1. La cuestión de la cuestión o el cuestionamiento de la cuestión. Pese a que acabo


de recordar un nudo de cuestiones, pese a que Espectros de Marx multiplica los
interrogantes y recuerda sin cesar la urgencia crítica de todo tipo de problemas a los que
nunca habrá que renunciar, hay también en él, como en todos los textos que he publicado
durante estos últimos diez años (al menos desde De l’esprit: Heidegger et la question),
una gran insistencia sobre la dependencia, e incluso sobre cierto carácter secundario, de
la forma-pregunta. De ahí cierta divisibilidad, de ahí el pliegue, otros dirían la
duplicidad, asumido por un discurso que trata de hacer dos cosas difícilmente
compatibles a simple vista: por un lado, tratar de despertar preguntas hipnotizadas o
inhibidas por la respuesta misma; pero, simultáneamente, por otro, asumir también la
afirmación (necesariamente revolucionaria), la inyunción, la promesa, en resumen, la
cuasiperformatividad de un sí que vela sobre la pregunta, precediéndola como su propia
víspera.
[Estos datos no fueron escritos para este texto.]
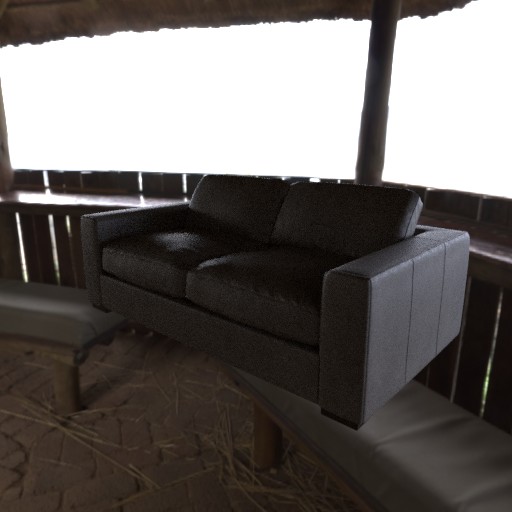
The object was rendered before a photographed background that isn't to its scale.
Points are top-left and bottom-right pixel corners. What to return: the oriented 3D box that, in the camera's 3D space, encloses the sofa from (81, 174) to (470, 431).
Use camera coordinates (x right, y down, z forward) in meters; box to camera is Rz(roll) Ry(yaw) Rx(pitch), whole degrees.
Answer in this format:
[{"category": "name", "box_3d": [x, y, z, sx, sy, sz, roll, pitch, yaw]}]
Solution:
[{"category": "sofa", "box_3d": [0.000, 0.000, 2.452, 1.920, 0.800, 1.070, 13, 19, 40]}]
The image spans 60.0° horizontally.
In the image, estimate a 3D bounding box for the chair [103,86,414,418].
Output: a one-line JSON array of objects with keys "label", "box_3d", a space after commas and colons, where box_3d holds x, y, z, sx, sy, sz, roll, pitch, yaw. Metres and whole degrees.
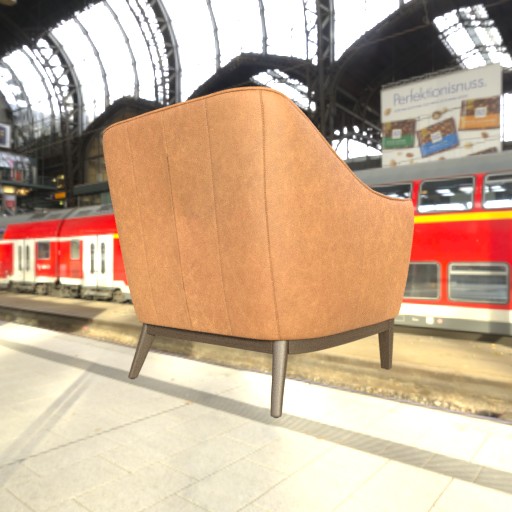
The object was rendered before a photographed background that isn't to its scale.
[{"label": "chair", "box_3d": [0.000, 0.000, 1.557, 0.871, 0.830, 0.852, 0, 0, 37]}]
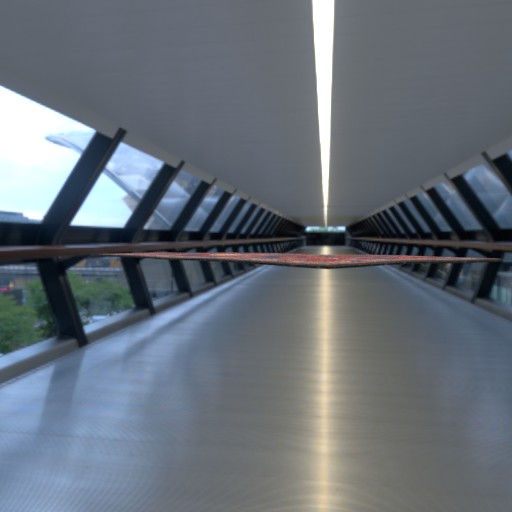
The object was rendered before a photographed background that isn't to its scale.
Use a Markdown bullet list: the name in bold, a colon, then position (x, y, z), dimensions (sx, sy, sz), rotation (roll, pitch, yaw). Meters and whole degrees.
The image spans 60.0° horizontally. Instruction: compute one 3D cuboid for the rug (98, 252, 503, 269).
- **rug**: position (0.000, 0.000, 3.475), dimensions (1.522, 0.034, 3.032), rotation (-1, 2, -37)
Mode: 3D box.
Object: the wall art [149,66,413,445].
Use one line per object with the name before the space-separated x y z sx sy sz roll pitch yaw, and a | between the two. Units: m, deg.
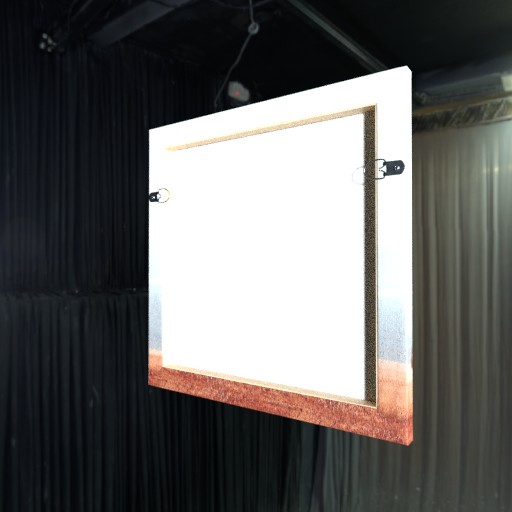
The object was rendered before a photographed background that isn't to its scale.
wall art | 0.000 0.000 1.116 0.760 0.760 0.042 -1 -1 35
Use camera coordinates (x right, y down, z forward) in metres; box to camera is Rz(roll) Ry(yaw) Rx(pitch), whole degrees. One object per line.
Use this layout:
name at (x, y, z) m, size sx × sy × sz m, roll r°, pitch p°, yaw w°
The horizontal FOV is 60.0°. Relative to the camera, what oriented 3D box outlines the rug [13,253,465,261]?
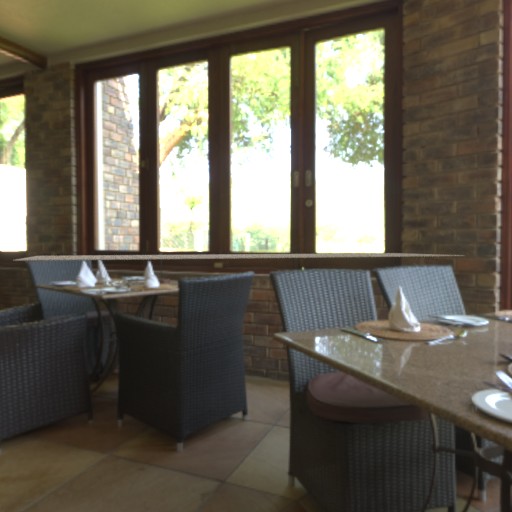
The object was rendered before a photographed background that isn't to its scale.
rug at (0.000, 0.000, 2.623) m, size 2.437 × 0.005 × 0.688 m, roll -1°, pitch 2°, yaw -18°
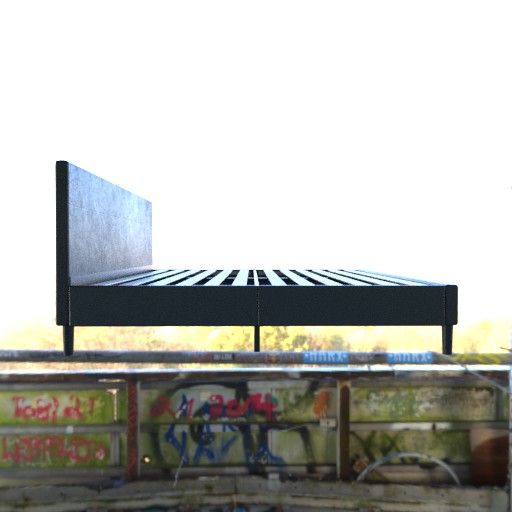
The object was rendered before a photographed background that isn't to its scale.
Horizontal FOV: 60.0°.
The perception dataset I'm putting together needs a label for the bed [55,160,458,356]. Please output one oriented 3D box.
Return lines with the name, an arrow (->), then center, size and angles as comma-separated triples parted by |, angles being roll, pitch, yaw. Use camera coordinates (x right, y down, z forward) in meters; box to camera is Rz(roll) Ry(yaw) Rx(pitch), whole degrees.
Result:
bed -> 0.000, 0.000, 3.363 | 2.152, 1.046, 2.018 | 0, 1, -1
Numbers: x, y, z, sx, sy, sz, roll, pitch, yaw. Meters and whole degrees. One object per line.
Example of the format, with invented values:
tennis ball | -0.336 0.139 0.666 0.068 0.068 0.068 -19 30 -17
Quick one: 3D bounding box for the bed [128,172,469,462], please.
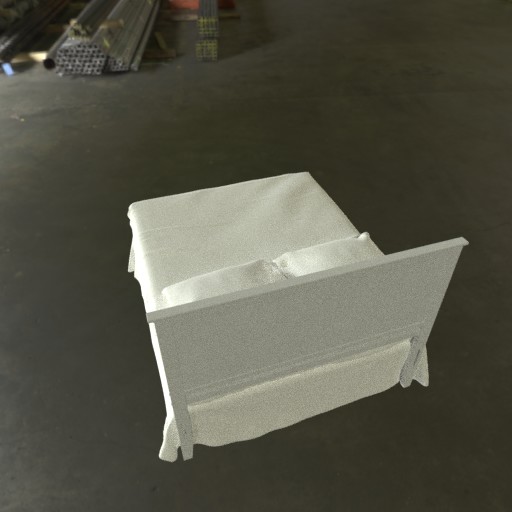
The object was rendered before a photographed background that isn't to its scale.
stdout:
bed | 0.000 0.000 3.196 1.876 1.269 2.047 -13 41 -15
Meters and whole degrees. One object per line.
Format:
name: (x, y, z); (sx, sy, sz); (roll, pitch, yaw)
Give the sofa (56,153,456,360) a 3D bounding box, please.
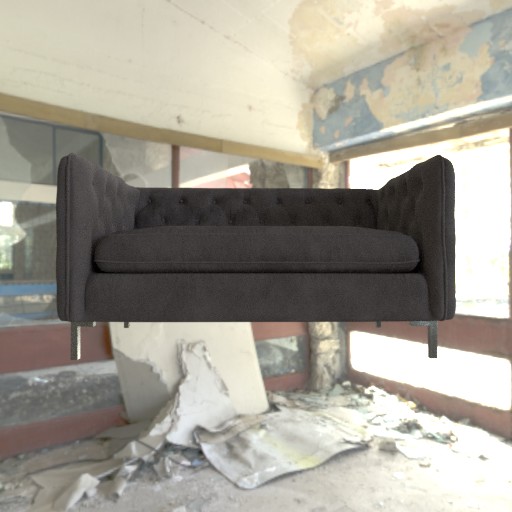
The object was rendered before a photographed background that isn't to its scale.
sofa: (0.000, 0.000, 2.135); (1.583, 0.810, 0.909); (0, 0, -1)
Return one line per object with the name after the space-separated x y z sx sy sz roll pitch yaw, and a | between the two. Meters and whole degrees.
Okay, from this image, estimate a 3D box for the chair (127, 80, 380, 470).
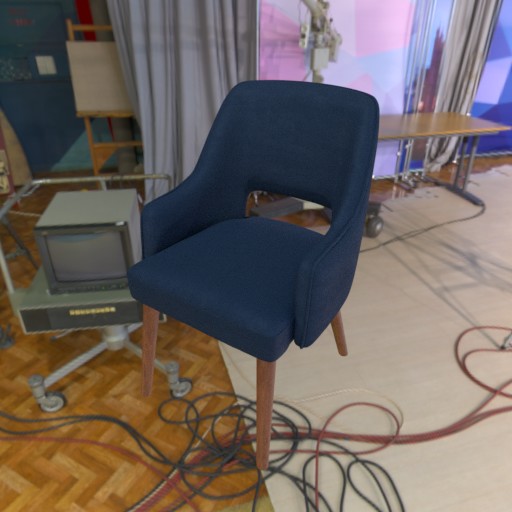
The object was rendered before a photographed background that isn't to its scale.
0.000 0.000 1.236 0.559 0.844 0.591 19 35 29 | chair
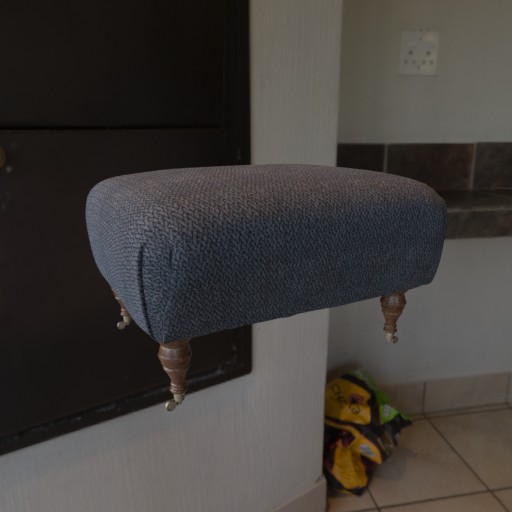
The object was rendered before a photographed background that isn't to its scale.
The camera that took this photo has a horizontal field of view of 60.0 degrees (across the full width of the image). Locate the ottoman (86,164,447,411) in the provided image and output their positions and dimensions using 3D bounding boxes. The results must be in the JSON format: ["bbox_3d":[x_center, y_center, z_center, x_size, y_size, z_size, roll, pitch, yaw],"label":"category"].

Un ejemplo de este ambiguo respeto por la pregunta (crítica o hipercrítica,
incluso me atrevería a decir que «deconstructiva») sería ese momento en que,
proponiendo una nueva pregunta, sospecho inmediatamente, de manera casi simultánea,
de una retórica de la pregunta (que no hay que reducir a la de una «pregunta retórica»):
«Hay una cuestión que todavía no se ha planteado. No como tal. Quedaría, más bien,
ocultada por la respuesta filosófica, diremos, más precisamente, ontológica del propio
Marx». Esta cuestión no es otra que la del espectro o la del espíritu. Sin esperar, casi en la
frase siguiente, explicaba por qué creía que debería desconfiar de estos términos, en
particular de la alternativa «pregunta/respuesta». Y fue entonces cuando surgió, de
manera sin duda no fortuita, la palabra «quizá», uno de esos «quizá» que marcan
explícitamente, desde hace décadas, la modalidad privilegiada, mesiánica en este caso,
de los enunciados más importantes para mí (se da el caso de que durante el año que
siguió a Espectros de Marx, en Políticas de la amistad, he tematizado ampliamente el
sentido e incluso, si pudiera aún decirse, la necesidad o la ineluctabilidad de este
«quizá»): «Pero todas esas palabras traicionan: quizá ya no se trata en absoluto de una
cuestión y apuntamos más bien hacia otra estructura de la “presentación”, con un gesto de
pensamiento o de escritura ...».

2. Despolitización, repolitización. Desde mi punto de vista, lo que debería seguir a


esta deconstrucción de la «ontología» marxista es todo lo contrario a una despolitización
o un debilitamiento de la efectividad política. Al reexaminar en profundidad los axiomas
de la relación entre «Marx», la teoría, la ciencia y la filosofía, se trataría en realidad, a mi
juicio, tanto de comenzar a dar cuenta de los fracasos históricos desastrosos registrados
sobre el plano teórico y sobre el plano político como de repolitizar de otro modo una
determinada herencia de Marx. En primer lugar, llevándole hacia una dimensión de lo
político liberada de aquello que ha soldado -para lo mejor, pero, sobre todo, en nuestra
modernidad, para lo peor- lo político a lo ontológico (en primer lugar a un determinado
concepto de efectividad o del ser-presente, de lo universal según el Estado, y de la
ciudadanía cosmopolítica y la Internacional según el Partido).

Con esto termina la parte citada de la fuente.